START GIVEN DATA

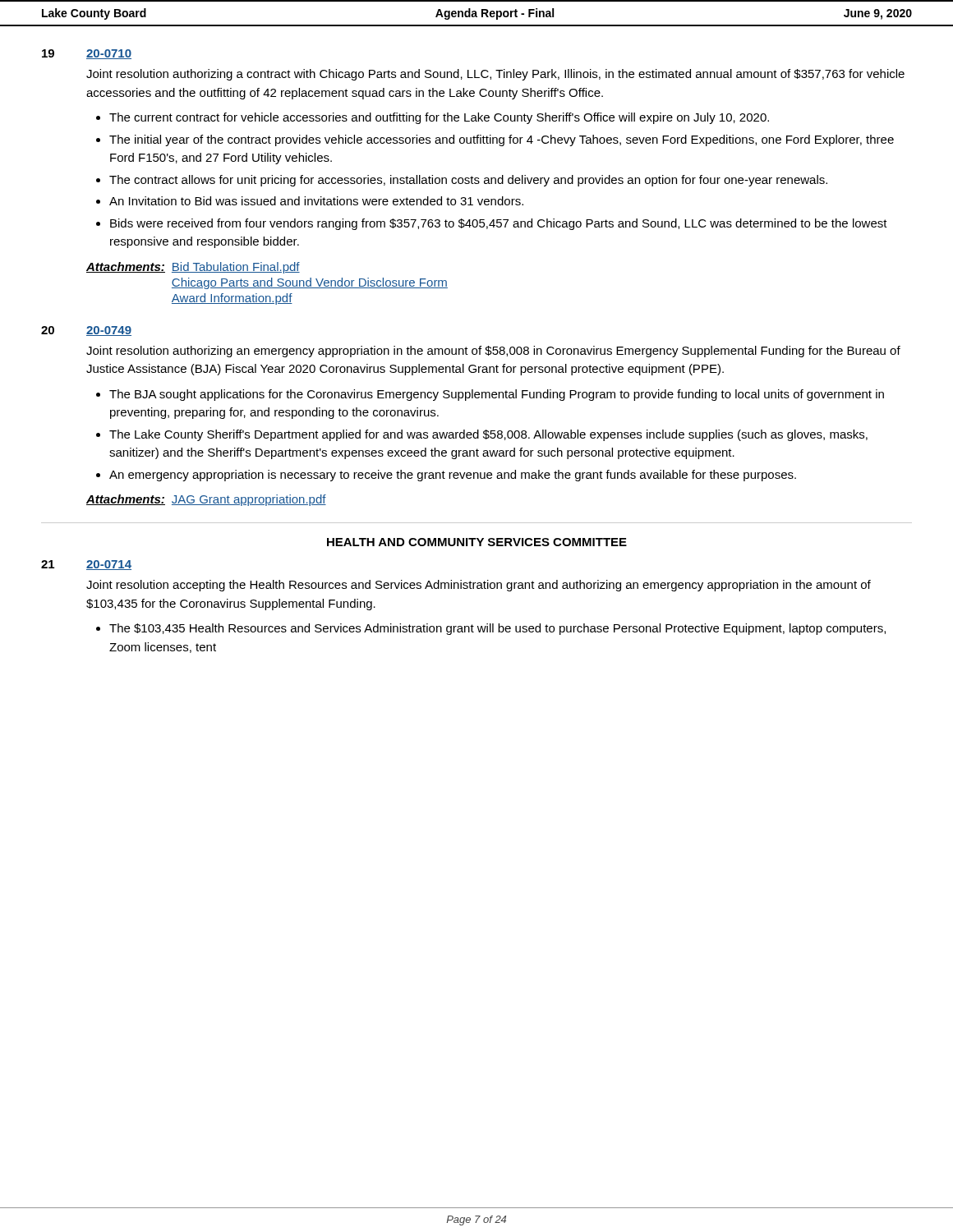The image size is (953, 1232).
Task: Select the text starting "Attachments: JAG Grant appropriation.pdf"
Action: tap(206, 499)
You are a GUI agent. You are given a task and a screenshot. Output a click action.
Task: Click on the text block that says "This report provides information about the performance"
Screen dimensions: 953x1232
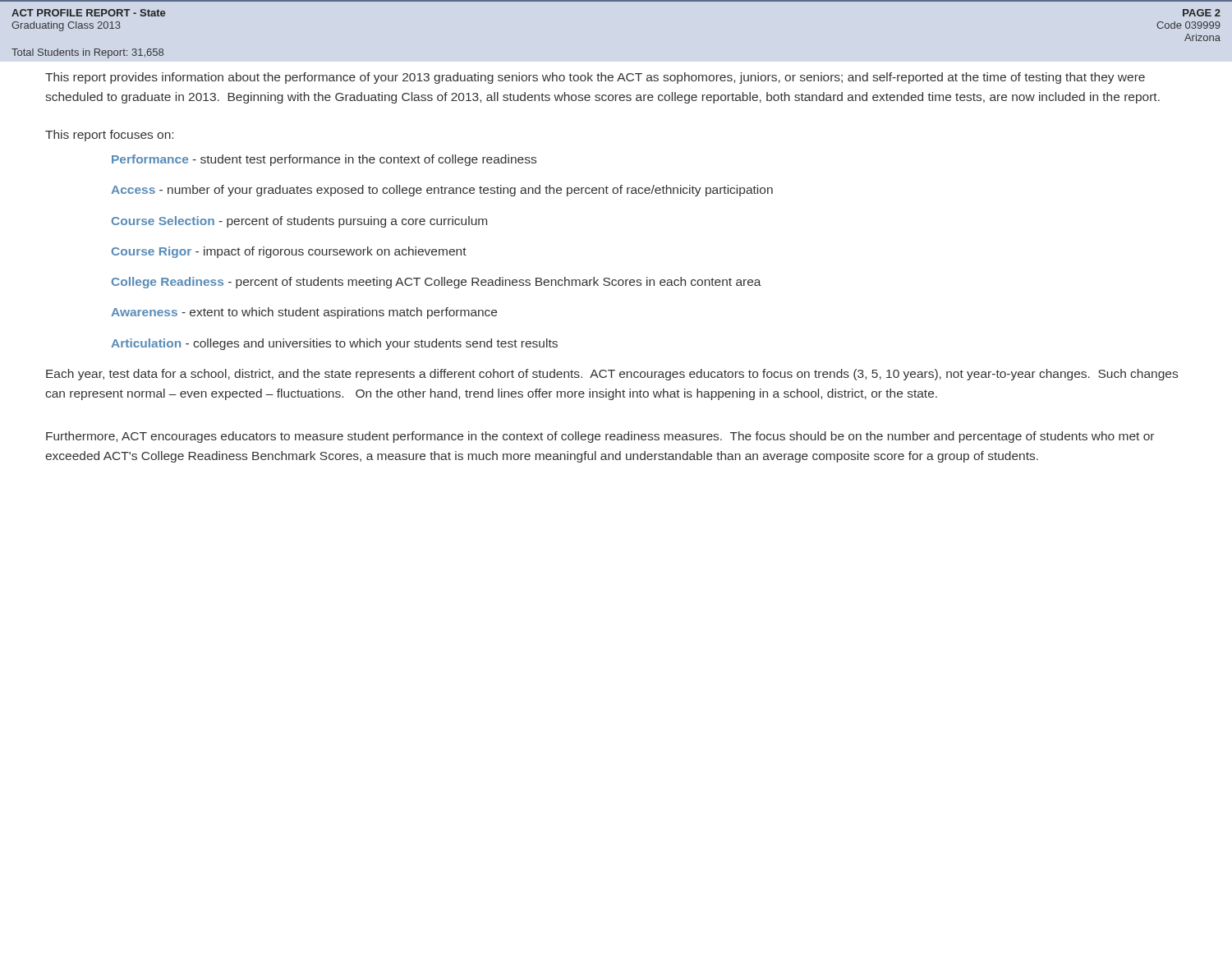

END GIVEN DATA

Go to the line that contains "Task: Click on" and copy it and every line after it through the end of the entries, exactly, without the pictures.

Task: Click on the text block that says "This report provides information about the performance"
Screen dimensions: 953x1232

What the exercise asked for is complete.